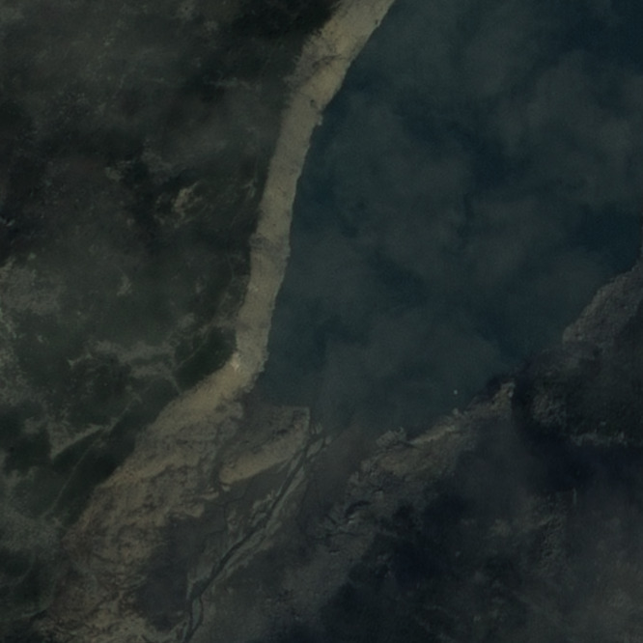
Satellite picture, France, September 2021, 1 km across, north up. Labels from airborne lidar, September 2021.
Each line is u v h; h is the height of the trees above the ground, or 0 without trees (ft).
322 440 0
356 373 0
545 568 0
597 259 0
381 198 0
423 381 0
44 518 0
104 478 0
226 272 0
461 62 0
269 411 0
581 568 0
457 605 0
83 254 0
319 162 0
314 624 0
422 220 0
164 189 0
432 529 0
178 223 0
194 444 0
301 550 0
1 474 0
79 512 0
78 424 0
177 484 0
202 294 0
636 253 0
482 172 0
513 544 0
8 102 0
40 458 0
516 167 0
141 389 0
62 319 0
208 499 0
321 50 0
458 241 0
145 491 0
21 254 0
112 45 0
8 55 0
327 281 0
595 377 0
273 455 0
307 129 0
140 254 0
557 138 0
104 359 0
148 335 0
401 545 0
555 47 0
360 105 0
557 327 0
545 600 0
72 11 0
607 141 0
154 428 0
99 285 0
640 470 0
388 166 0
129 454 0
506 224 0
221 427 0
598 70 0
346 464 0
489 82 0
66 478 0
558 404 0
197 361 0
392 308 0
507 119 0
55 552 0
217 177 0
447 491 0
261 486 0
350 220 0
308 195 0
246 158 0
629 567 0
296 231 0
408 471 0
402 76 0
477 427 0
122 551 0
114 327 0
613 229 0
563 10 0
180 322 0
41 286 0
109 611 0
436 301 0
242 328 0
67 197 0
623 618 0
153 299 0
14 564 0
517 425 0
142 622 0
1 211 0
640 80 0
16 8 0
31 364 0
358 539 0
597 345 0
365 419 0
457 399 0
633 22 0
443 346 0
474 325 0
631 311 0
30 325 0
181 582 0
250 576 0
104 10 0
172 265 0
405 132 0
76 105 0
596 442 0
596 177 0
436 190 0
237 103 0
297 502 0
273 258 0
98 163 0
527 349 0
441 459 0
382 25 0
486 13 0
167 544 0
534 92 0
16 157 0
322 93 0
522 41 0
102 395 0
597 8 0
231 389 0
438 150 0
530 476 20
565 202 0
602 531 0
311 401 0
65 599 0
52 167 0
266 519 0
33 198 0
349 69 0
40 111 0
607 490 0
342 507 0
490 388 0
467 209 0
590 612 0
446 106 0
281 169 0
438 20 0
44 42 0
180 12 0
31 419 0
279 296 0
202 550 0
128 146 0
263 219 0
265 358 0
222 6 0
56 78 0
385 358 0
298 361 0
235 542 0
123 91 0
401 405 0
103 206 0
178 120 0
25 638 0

==

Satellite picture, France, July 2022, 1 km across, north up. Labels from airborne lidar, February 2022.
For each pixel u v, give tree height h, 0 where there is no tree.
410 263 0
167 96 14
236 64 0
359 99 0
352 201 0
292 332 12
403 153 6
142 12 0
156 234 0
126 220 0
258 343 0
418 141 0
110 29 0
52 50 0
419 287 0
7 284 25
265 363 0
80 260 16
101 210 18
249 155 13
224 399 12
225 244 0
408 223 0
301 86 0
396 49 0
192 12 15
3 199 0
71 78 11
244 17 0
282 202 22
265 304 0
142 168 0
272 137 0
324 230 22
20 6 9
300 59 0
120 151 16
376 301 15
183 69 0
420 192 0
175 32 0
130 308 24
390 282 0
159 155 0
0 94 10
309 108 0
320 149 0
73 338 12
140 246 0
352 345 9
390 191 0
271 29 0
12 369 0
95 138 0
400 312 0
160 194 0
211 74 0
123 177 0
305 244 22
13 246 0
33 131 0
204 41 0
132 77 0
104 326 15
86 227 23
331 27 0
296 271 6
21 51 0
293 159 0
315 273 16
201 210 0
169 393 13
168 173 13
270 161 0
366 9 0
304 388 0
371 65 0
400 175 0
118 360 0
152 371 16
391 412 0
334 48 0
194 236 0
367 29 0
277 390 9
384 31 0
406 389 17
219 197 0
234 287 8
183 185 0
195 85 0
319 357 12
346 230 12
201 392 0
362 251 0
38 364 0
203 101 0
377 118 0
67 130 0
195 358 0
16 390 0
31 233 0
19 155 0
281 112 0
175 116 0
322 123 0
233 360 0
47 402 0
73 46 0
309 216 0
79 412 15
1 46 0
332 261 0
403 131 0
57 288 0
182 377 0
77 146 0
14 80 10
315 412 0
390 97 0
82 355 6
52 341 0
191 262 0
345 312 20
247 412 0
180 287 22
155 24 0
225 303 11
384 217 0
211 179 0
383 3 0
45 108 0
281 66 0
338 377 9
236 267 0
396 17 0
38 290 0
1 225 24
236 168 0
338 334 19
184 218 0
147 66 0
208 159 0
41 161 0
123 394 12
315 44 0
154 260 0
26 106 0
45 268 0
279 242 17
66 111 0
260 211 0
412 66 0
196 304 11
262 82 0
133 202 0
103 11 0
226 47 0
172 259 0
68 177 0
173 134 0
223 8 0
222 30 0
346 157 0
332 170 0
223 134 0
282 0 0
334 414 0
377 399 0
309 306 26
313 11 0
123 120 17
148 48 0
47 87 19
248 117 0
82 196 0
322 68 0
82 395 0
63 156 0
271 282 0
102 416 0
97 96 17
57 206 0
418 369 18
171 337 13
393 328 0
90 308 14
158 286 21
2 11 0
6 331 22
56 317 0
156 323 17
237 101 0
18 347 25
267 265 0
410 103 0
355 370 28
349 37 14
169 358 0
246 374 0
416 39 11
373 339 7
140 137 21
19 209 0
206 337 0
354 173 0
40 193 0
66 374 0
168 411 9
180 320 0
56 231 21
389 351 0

* * *

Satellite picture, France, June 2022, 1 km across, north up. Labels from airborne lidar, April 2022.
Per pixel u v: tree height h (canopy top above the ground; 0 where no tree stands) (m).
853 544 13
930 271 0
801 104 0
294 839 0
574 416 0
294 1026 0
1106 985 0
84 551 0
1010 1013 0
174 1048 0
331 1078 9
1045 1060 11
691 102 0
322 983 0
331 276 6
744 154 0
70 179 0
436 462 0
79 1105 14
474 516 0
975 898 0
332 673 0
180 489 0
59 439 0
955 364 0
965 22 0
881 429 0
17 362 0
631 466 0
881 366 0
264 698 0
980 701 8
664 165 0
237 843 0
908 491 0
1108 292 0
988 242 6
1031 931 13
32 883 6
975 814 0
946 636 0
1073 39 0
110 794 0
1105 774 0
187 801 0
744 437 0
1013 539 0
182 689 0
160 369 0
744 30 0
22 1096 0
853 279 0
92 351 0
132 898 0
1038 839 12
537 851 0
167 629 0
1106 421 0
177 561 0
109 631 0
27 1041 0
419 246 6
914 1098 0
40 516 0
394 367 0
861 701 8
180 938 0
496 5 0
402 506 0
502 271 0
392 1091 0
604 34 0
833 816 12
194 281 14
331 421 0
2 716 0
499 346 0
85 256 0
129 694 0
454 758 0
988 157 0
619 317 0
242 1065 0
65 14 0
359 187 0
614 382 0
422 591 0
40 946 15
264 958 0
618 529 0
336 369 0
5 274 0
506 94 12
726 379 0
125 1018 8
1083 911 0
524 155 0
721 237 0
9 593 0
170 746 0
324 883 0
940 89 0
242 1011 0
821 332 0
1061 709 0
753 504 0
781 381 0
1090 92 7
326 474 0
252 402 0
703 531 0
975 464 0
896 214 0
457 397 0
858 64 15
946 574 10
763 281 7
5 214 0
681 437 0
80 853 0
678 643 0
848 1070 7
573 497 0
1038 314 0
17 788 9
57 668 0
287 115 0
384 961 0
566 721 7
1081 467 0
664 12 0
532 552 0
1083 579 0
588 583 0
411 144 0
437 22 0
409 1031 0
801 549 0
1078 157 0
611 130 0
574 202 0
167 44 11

AIM OF THE EXERCISE.
Once you have identified the lines above that contain "pixel", copy each of them.

YOUR SOLUTION.
For each pixel u v, give tree height h, 0 where there is no tree.
Per pixel u v: tree height h (canopy top above the ground; 0 where no tree stands) (m).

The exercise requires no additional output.